Классификация онкоболи (первичная и вторичная):

  • 1. По патогенезу: неопластическая, паранеопластическая, метастатическая, психогенная, ятрогенная, коморбидная.
  • 2. По нейротопике:
    • • периферическая:
      • — соматическая поверхностная (при повреждении покровных тканей);
      • — соматическая глубокая (при повреждении мышц, суставов, костей);
      • — висцеральная (при повреждении внутренних органов);
    • • невропатическая (при повреждении периферических нервов);
    • • центральная, в том числе психогенная (при повреждении проводящих структур спинного мозга и центров болевого реагирования).

    3. По локализации: региональная, генерализованная, иррадиирующая, проводниковая.

  • 4. По интенсивности: слабовыраженная (легкая), средней степени выраженности (умеренная), выраженная (сильная).
  • 5. По субъективнойхарактеристике: гиперестезия, каузальгия, гиперпатия, аллодиния, невралгия, фантомный болевой синдром, болезненная анестезия, сенестопатия, комплексный (регионарный) болевой синдром.
  • 6. По продолжительности: острая (до 1–3 месяцев), хроническая (более 3 месяцев), алгическая.
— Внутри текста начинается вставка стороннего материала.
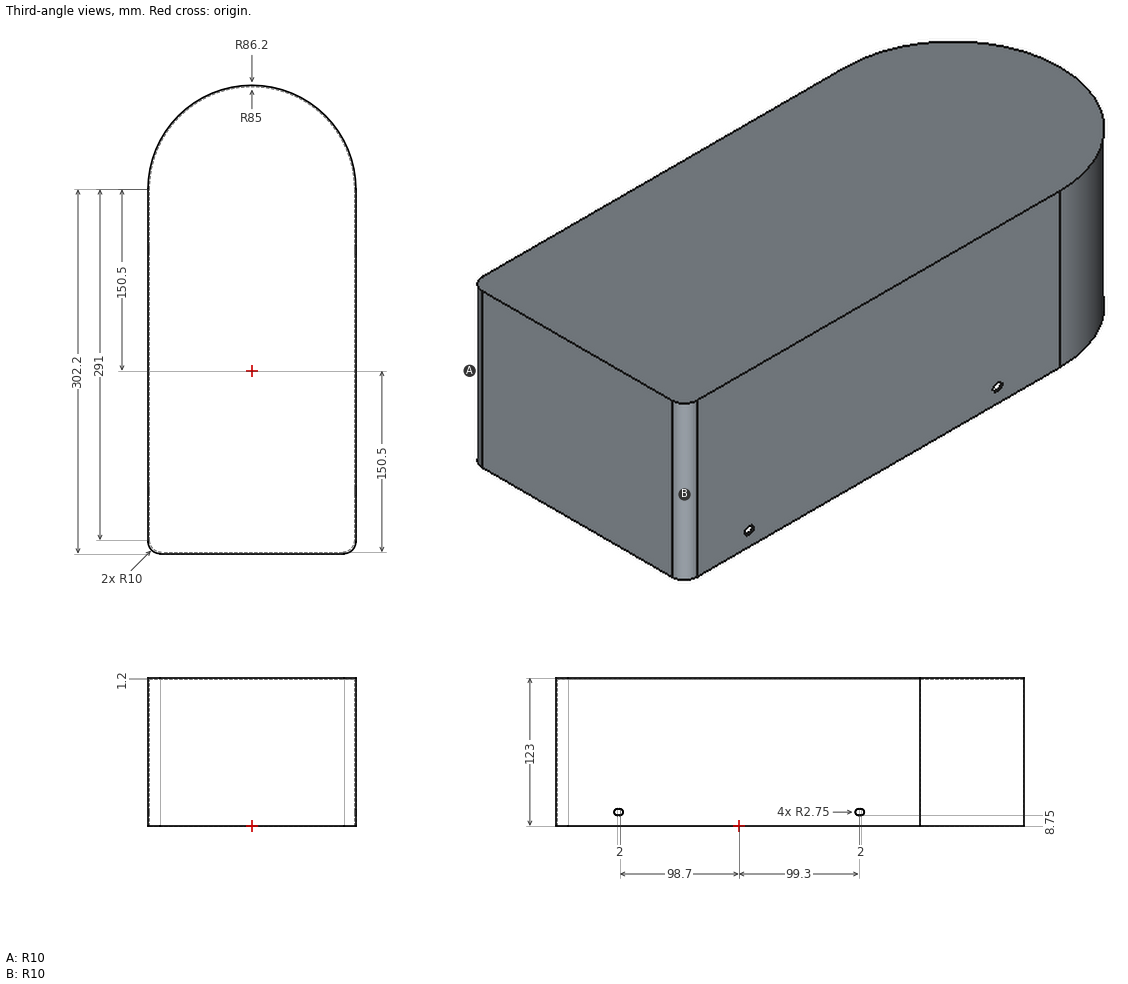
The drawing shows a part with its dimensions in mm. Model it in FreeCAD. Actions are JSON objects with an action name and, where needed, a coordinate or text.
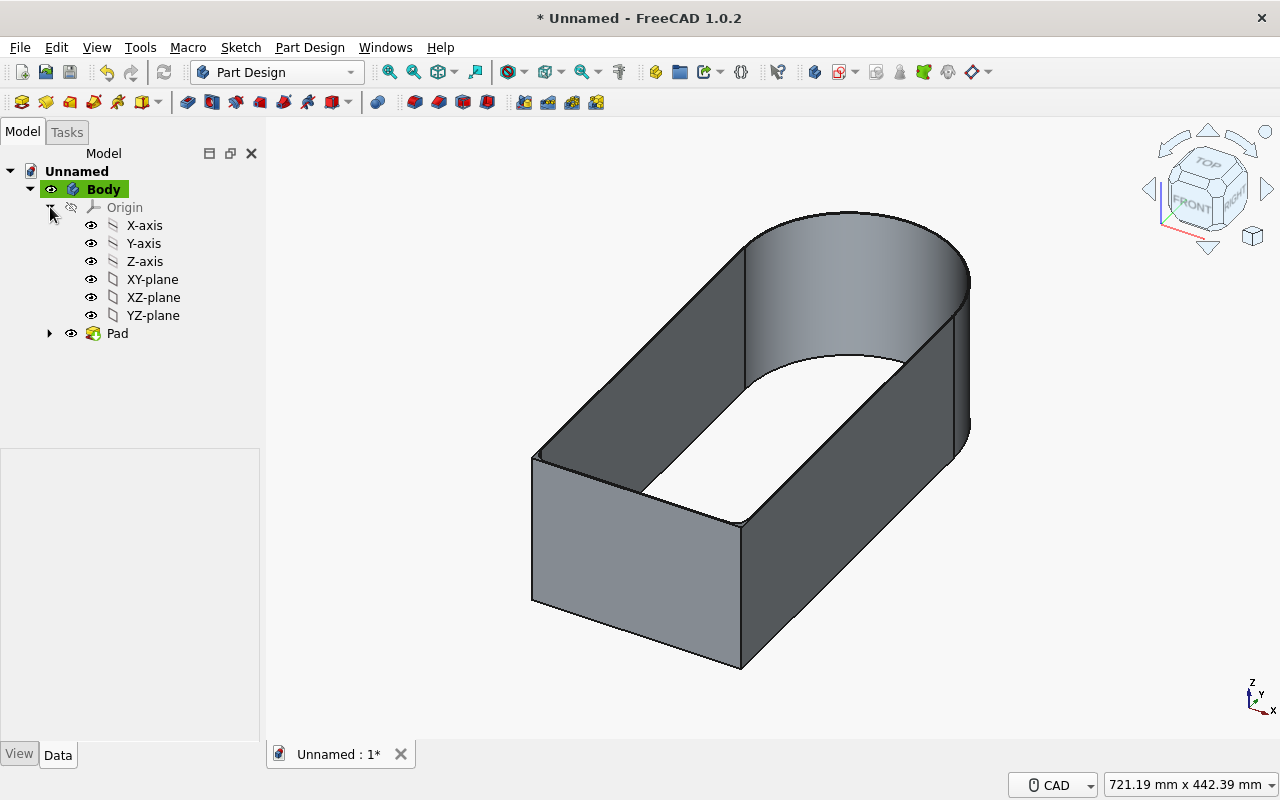
{"action": "left_click", "coordinate": [136, 279]}

Первичная боль сопровождается прежде всего фазическим (быстрым) сокращением мышцы, активацией рефлекторной, в том числе вегетативной деятельности, активацией метаболизма в месте нанесения ноцицептивного раздражителя выходом клеточных элементов за пределы кровеносного русла; т.е. активацией воспаления, увеличением микроциркуляции и в какой-то мере гипероксигенацией тканей. Таким образом, биологическое значение первичной боли заключается в защите организма. Вторичная боль, напротив, сопровождается тоническим напряжением мышцы, рассогласованием рефлекторной деятельности; активируется выход жидкой части крови (плазмы) за пределы кровеносного русла, что ведет к нарастанию тканевого отека, тканевого ацидоза, тем самым угнетается воспалительная активность, замедляется микроциркуляция, нарастает гипоксия тканей, задерживаются репаративные процессы. Естественно, что первичная и вторичная боль сопровождается не только местными, но и общими проявлениями. При первичной боли происходит активация соответствующих вегетативных, эндокринных, иммунных и других реакций — стадия тревоги и стресса по Г. Селье. Вторичная боль вызывает дисбаланс этих систем и синдромы их функционального дефицита — стадии «равновесия» и «истощения». Последнее положение демонстрирует ненужность и вредность вторичной боли. Однако вторичная боль обеспечивает отрицательную биологическую потребность, в результате которой формируется и активизируется физиологическая антиноцицептивная система (АНЦС). Вторичная боль — естественный активатор противоболевой защиты: боль нужна, чтобы с ней бороться.

Конечно же, защитная роль первичной и вторичной боли должна рассматриваться в определенных физиологических параметрах. Соответственно, защитная функция первичной и активирующая функция АНЦС вторичной боли должны быть адекватны друг другу в качественной и количественной мере.

Физиологическая боль, представляющая собой суммированный результат реагирования механизмами первичной и вторичной боли, направлена на адаптацию организма. Если эти реакции носят разрушительный характер и болевое реагирование биологически нецелесообразно, то следует говорить о патологической боли.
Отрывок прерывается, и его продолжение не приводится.